Thank you for pointing out that the sentence was not clear. We revised it to make it understandable and grammatically correct. Please see line 29 in the revised manuscript.

 

  1. I appreciate that the supplementary file contains further details of the literature review. However I think it would be beneficial for the reader to include the following detail in the main text as additional information:
  • Were there any restrictions on literature included in the review by year of publication? (ie papers published within the last 10 years?)
  • Why was only PubMed searched and no other databases included?
  • When were the searches undertaken? 

We appreciate your suggestions to improve the understandability of our manuscript. We expanded the description of the literature review according to your comments (lines 116ff. in the revised manuscript). This work was a scoping attempt to test whether an approach, as the one presented in the manuscript, is feasible. Thus, we designed the work in a way that it also includes only scoping literature review, i.e. limited to published meta-analyses and searches only in PubMed.
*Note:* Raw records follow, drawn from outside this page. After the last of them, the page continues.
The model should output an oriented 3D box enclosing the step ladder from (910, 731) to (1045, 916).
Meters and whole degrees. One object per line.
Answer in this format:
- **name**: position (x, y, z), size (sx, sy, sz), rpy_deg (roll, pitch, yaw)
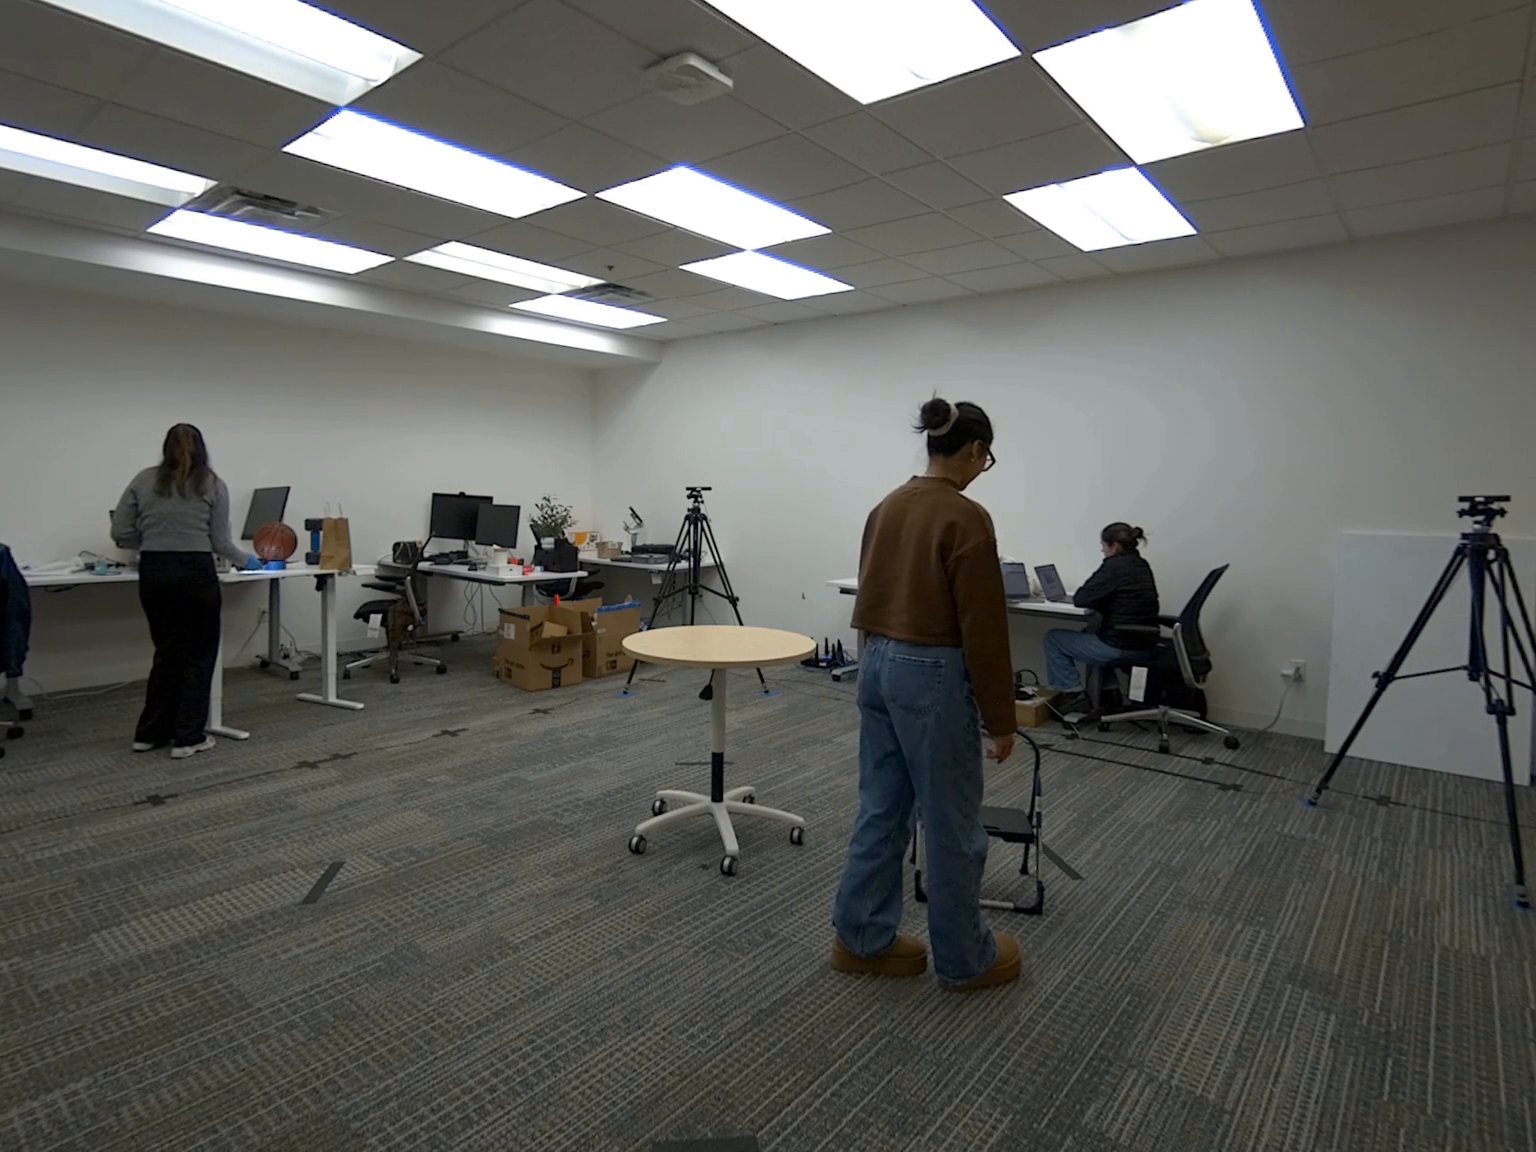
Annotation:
- **step ladder**: position (0.730, 0.794, 3.004), size (0.435, 0.604, 0.346), rpy_deg (2, 3, 9)

We agree that future work should include a more comprehensive literature search, i.e. in several databases and of original studies, if needed supplemented with meta-analysis.

 

  1. Line 150: 'Statistically significant association for smoking during pregnancy was reported only low birth weight.' This sentence doesn't make sense as is and should be reviewed accordingly.

Thank you for pointing out that the sentence did not make sense. The sentence has been revised; see line 160 in the revised manuscript.

 

  1. Line 208: Remove the comma after 'cardiovascular diseases'.

Thank you for highlighting this error. We removed the comma; see line 217 in the revised manuscript.